Bioelectrocatalytic Refining of Lignin Fragments Using a Bioinspired -Etherolytic Bioanode

The biological depolymerization of lignins has been intensively studied to develop selective and ecofriendly processes for upgrading lignin toward the production of aromatic-based fine chemicals. However, the degradation of these aromatic polymers leads to heterogeneous mixtures of aromatic oligomers, limiting their industrial valorization. The etherolytic pathway of the soil probacterium Sphingobium paucimobilis, which acts like a "metabolic funnel" to refine the heterogeneous "soup" of low-molecular-mass lignin-derived compounds, involves enzymes called "Lig", which consist of NAD-dependent dehydrogenases and beta-etherases.
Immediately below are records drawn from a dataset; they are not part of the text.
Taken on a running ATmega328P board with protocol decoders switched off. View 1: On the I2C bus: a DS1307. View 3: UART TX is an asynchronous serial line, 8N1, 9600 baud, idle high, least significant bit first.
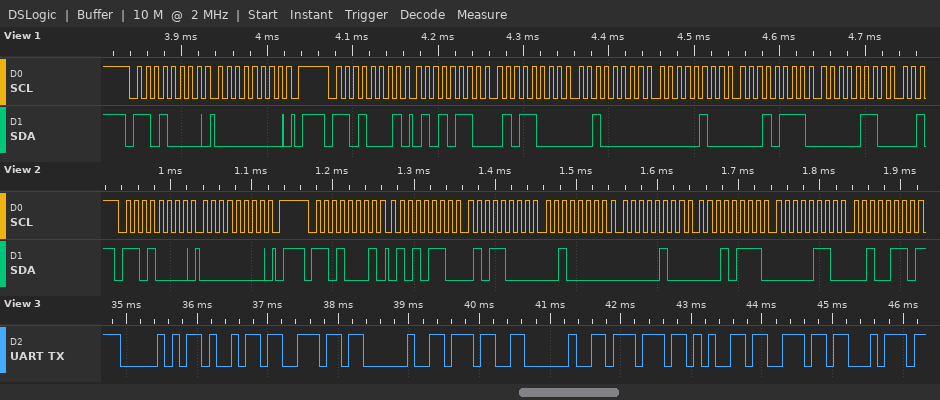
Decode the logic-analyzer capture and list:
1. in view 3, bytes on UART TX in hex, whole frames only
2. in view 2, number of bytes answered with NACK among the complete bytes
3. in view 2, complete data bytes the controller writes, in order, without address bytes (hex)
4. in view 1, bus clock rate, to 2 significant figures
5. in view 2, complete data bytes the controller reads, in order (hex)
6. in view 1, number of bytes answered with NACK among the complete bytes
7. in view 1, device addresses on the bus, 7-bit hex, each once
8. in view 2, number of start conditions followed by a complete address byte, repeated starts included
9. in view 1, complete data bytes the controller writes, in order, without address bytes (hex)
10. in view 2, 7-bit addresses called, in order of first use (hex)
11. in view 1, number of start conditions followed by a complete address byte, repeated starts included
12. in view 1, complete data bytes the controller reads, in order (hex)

The application of these Lig enzymes is a promising route for the development of biotechnologies for lignin valorization, but it is limited by the necessity of regenerating the NAD cofactor and the need to separate products from enzymes. In order to overcome these limitations, we have designed a bioelectrochemical system combining in situ electrochemical regeneration of the NAD(+) cofactor with the immobilization of five enzymes on a single electrode surface capable of catalyzing the specific beta-etherolysis of the beta-O-4 ether aryl bond. The bioelectrocatalytic ability of this beta-etherolytic bioelectrode to specifically cleave beta-ether bonds has been evaluated with a substrate model. We demonstrate that a racemic mixture of an aromatic dimer can be refined to homogeneous products with an efficiency of 22% per hour.